▶ _Listed records_

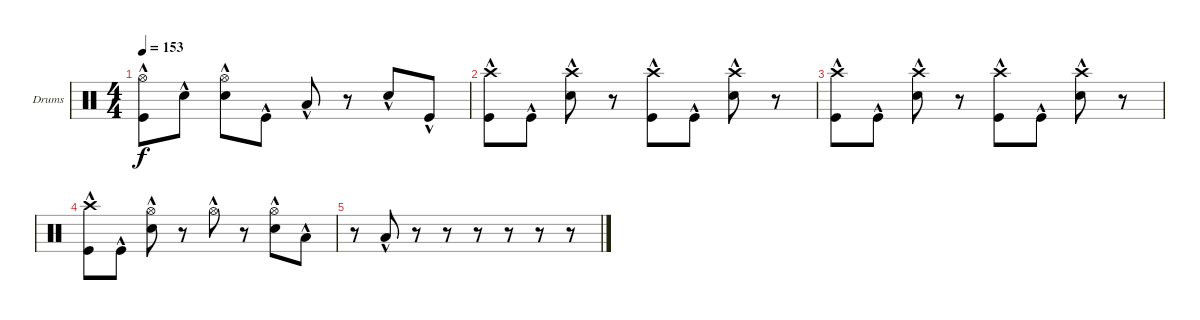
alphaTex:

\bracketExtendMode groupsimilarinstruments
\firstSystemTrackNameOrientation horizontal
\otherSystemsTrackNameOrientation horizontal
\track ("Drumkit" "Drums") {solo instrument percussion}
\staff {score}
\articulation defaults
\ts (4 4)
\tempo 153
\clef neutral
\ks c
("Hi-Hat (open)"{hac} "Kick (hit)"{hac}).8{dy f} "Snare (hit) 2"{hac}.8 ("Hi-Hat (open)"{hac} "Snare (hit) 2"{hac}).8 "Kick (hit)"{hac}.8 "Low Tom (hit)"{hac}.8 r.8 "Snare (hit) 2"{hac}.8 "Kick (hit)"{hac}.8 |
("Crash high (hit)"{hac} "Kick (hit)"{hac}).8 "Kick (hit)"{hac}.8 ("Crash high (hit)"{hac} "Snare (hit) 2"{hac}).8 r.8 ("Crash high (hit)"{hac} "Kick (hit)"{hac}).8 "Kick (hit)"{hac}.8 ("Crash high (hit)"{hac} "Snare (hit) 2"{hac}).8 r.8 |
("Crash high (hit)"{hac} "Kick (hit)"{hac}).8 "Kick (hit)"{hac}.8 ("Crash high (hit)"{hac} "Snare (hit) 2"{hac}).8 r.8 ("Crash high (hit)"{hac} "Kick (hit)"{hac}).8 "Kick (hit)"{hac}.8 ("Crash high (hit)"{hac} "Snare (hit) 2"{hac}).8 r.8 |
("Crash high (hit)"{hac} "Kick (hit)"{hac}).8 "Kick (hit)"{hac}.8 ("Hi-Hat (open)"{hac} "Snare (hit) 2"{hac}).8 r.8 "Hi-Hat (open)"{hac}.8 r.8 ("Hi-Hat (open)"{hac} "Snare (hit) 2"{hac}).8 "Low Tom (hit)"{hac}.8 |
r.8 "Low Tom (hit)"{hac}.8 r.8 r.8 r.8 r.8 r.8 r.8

▶ _Assignment_
Set down the records again verbatim, with no pictures.

▶ _Solution_
alphaTex:

\bracketExtendMode groupsimilarinstruments
\firstSystemTrackNameOrientation horizontal
\otherSystemsTrackNameOrientation horizontal
\track ("Drumkit" "Drums") {solo instrument percussion}
\staff {score}
\articulation defaults
\ts (4 4)
\tempo 153
\clef neutral
\ks c
("Hi-Hat (open)"{hac} "Kick (hit)"{hac}).8{dy f} "Snare (hit) 2"{hac}.8 ("Hi-Hat (open)"{hac} "Snare (hit) 2"{hac}).8 "Kick (hit)"{hac}.8 "Low Tom (hit)"{hac}.8 r.8 "Snare (hit) 2"{hac}.8 "Kick (hit)"{hac}.8 |
("Crash high (hit)"{hac} "Kick (hit)"{hac}).8 "Kick (hit)"{hac}.8 ("Crash high (hit)"{hac} "Snare (hit) 2"{hac}).8 r.8 ("Crash high (hit)"{hac} "Kick (hit)"{hac}).8 "Kick (hit)"{hac}.8 ("Crash high (hit)"{hac} "Snare (hit) 2"{hac}).8 r.8 |
("Crash high (hit)"{hac} "Kick (hit)"{hac}).8 "Kick (hit)"{hac}.8 ("Crash high (hit)"{hac} "Snare (hit) 2"{hac}).8 r.8 ("Crash high (hit)"{hac} "Kick (hit)"{hac}).8 "Kick (hit)"{hac}.8 ("Crash high (hit)"{hac} "Snare (hit) 2"{hac}).8 r.8 |
("Crash high (hit)"{hac} "Kick (hit)"{hac}).8 "Kick (hit)"{hac}.8 ("Hi-Hat (open)"{hac} "Snare (hit) 2"{hac}).8 r.8 "Hi-Hat (open)"{hac}.8 r.8 ("Hi-Hat (open)"{hac} "Snare (hit) 2"{hac}).8 "Low Tom (hit)"{hac}.8 |
r.8 "Low Tom (hit)"{hac}.8 r.8 r.8 r.8 r.8 r.8 r.8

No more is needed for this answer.